The type C sensilla showed common features in the two species, responding to both Z9-16:Ald and Z9-14:Ald (Figs 1G–L and 2G–L). Based on spike amplitudes, we could detect the presence of two OSNs in the type C sensilla of H. assulta (Fig. 2G–L). However, spikes with only one amplitude could be identified in C type sensilla of H. armigera (Fig. 2G–L), although our previous cross-adaptation test indicated the presence of two OSNs7. In C type sensilla, three subtypes could be distinguished (Figs 1G–L and 2G–L). In H. assulta, the larger amplitude OSN was always tuned to Z9-16:Ald and Z9-14:Ald, while the smaller amplitude OSN responded to different stimuli in all three subtypes: Z9-14:Ald, Z9-16:OH, and Z11-16:OH in subtype C1; Z9-14:Ald and Z9-16:OH in subtype C2; only Z9-14:Ald in subtype C3 (Fig. 2G–L). In H. armigera, subtype C1 responded to four compounds: Z9-16:Ald, Z9-14:Ald, Z11-16:OH and Z11-16:Ac; subtype C2 to Z9-16:Ald, Z9-14:Ald and Z11-16:OH; subtype C3 to Z9-16:Ald and Z9-14:Ald (Fig. 1G–L).
The relative abundances of A, B1, B2, C1, C2, and C3 sensilla in the male antennae were found to be remarkably different in the two species (84.5%, 1.7%, 3.1%, 4.3%, 6.0%, 0.5% in H. armigera, and 16.7%, 4.4%, 2.2%, 61.4%, 4. 4%, 10.8% in H. assulta) (Fig. 3). In H. armigera, the type A sensilla dominate, being 7.9 times more abundant than those of type C. In H. assulta, instead, type C sensilla are most represented, 4.6 times those of type A. Type B sensilla are a minority in both species (Fig. 3). The dose-response curves of OSNs in the main types and subtypes of sensilla of the two species are shown in Fig. S1.
The columns reporting abundance for sensilla of types B and C are divided into section to show the contributions of subtypes. For each species, three replications were conducted, and columns with different letters are significantly different at P < 0.05. Data are presented as mean + SEM.
Topographical expression pattern of PRs
In situ hybridization results show the expression sites of HarmOR13 and HassOR13, HarmOR6 and HassOR6, as well as HarmOR14b and HassOR16 in the 30–60 annuli of male antennal flagella (Fig. 4). The signals were found to be annular, indicating that the riboprobes were hybridized with RNA that is perinuclearly distributed (Fig. 4). OR-positive cells were only detected on the side bearing sensilla, not on that covered with scale. The distribution of stained cells corresponds to the distribution of trichoid sensilla on the antennal surface.

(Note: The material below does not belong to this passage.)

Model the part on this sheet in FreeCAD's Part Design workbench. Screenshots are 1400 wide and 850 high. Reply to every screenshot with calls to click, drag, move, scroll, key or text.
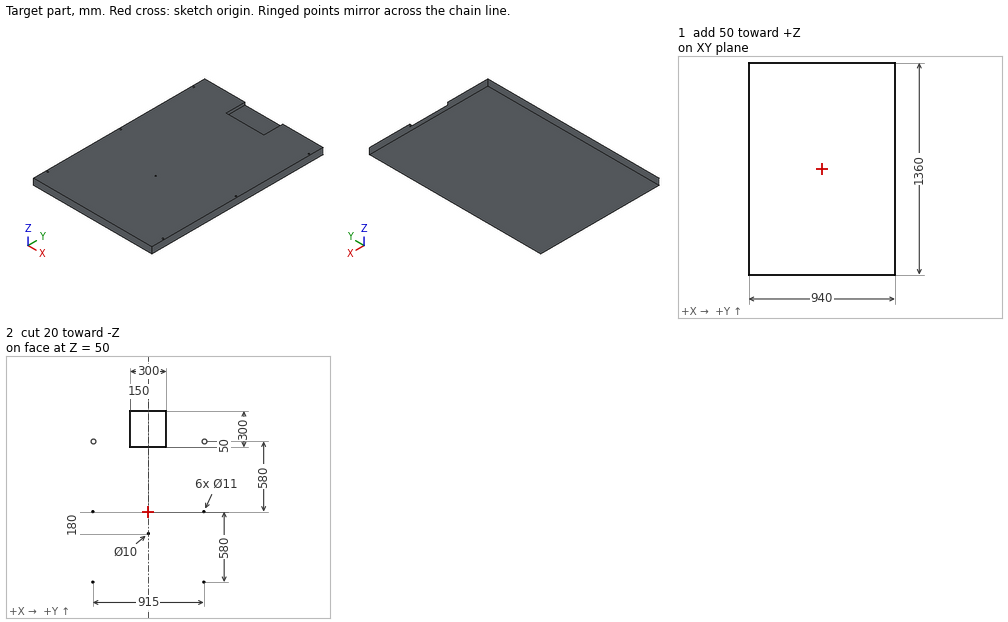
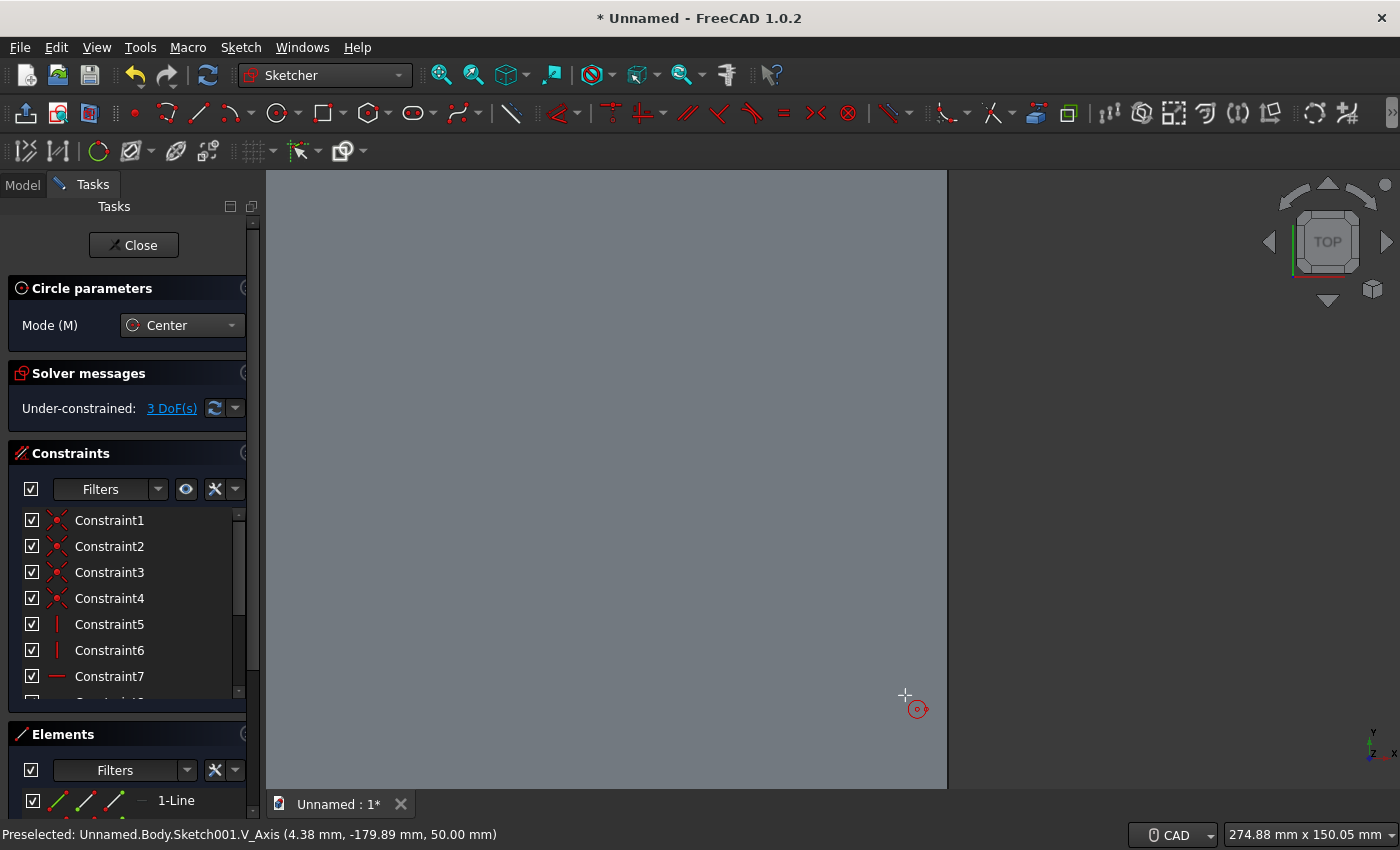
scroll(905, 696, down, 13)

We selected antennae of three males for each species from three independent experimental batches to count the number of OR-positive cells from three kinds of sections. The average numbers of OR-positive cells from various annuli (varying from 3 to 9) of three kinds of sections on each antenna are graphically compared in Fig. 5. In the male antennae of H. armigera, the number of HarmOR13-expressing OSNs is 6.2 and 31.7 times higher than those of HarmOR14b and HarmOR6, respectively (Fig. 5). In the antennae of male H. assulta, the expression levels of HassOR6 and HassOR16 are similar, and about 1.6 times higher than that of HassOR13 (Fig. 5). When comparing the two species, HarmOR13-expressing OSNs in H. armigera are 3.7 times more abundant than those expressing HassOR13 in H. assulta. The ratio is reversed for the numbers of OSNs expressing OR6, 13.9 times higher in H. assulta than in H. armigera. Finally, the number of HassOR16-expressing OSNs in H. assulta is about 2.6 times higher than that of OSNs expressing HarmOR14b in H. armigera.

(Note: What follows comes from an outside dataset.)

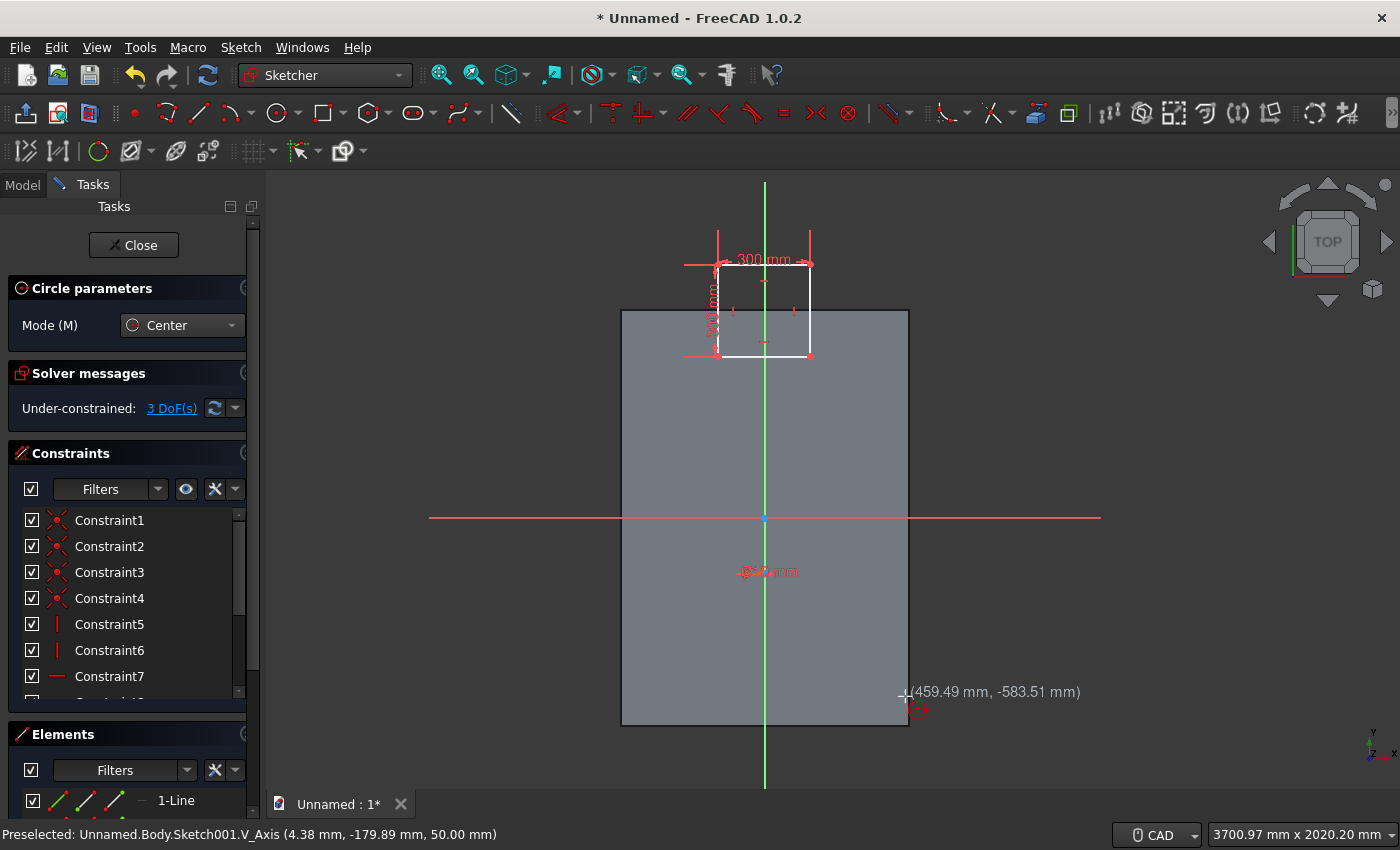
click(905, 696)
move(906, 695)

Three sections (vertical deep, horizontal deep and horizontal superficial) were cut from male antennae and hybridized with antisense RNA probes for the indicated ORs, as described in the Materials and Methods section. The signals were visualized by Digoxigenin (DIG) antibody coupled with BCIP-NBT. The digoxigenin (DIG) labeled sense probe was used as the negative control. Arrows indicate the examples for stained cells. Scale bars: 50 μm.
Statistical analysis was based on the number of cell bodies of each OSN in all three kinds of sections (Fig. 4) of three antennae from three independent groups of experiments. Columns with different letters are significantly different at P < 0.05. Data are presented as mean ± SEM.

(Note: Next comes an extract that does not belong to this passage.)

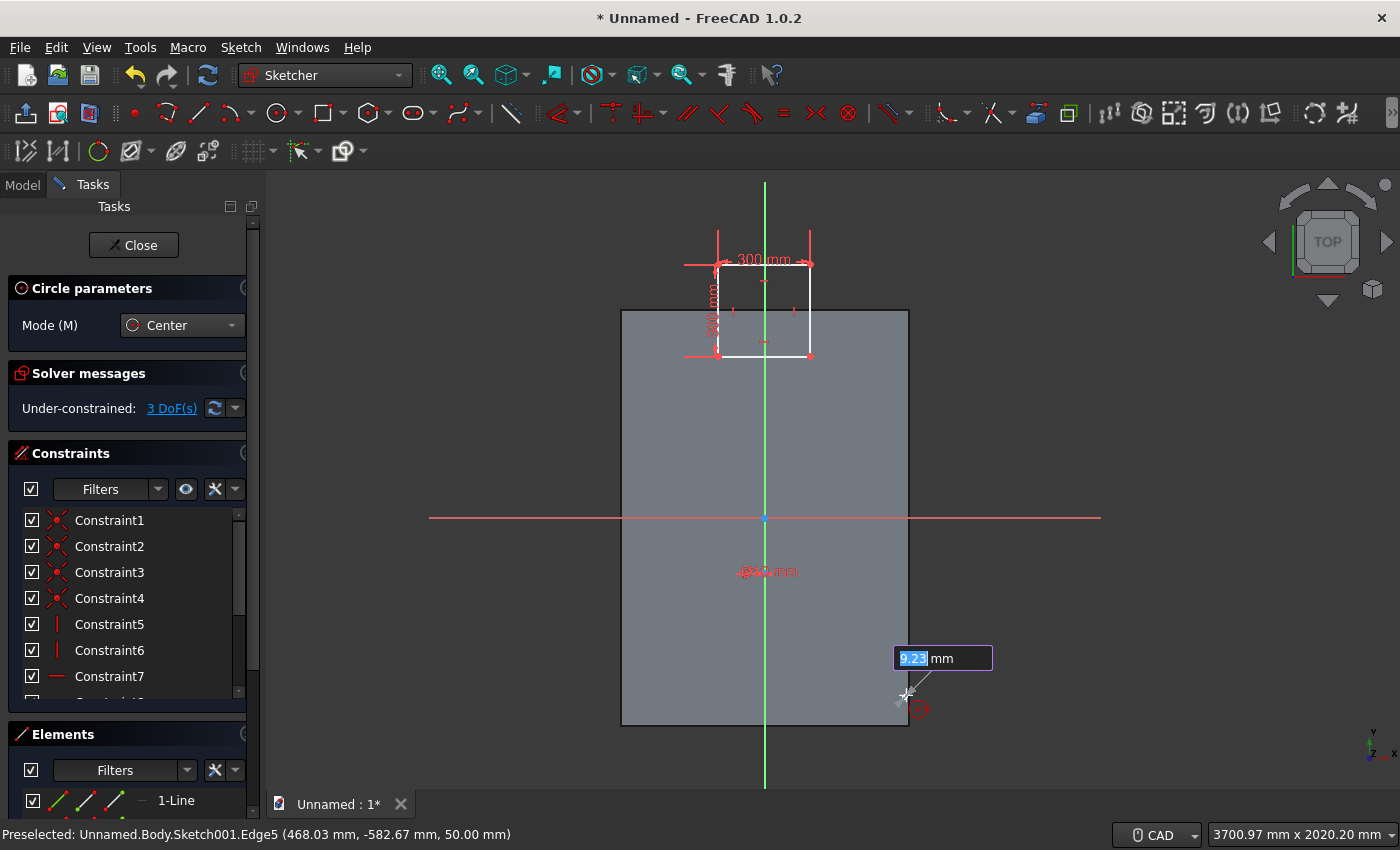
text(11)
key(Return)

Spatial representation of PGCs in MGC glomeruli
Based on the AL atlas of H. assulta and H. armigera27,30, there are three MGC subunits in each species: cumulus, Dm-p, and Dm-a in H. armigera, and cumulus, DM and ventral unit in H. assulta. We identified the MGC subunits according to their positions and monitored their activities after stimulating the antenna with 100 μg of pheromone gland components (Fig. 6).
The antenna was stimulated with 100 μg of Z11-16:Ald, Z9-16:Ald, Z9-16:OH, Z11-16:OH, Z9-16:Ac, or Z11-16:Ac. (A,B) for each species, the upper row shows false-color-coded spatial response patterns of four active chemicals and the relative position of three glomeruli (the last image, D, dorsal; L, lateral); the lower row shows the corresponding activated patterns (exceeding 50% of maximum activity) superimposed on the grey-scale images of ALs and the activated glomeruli (the last image). (C): a summary of the activated glomeruli of the six chemicals.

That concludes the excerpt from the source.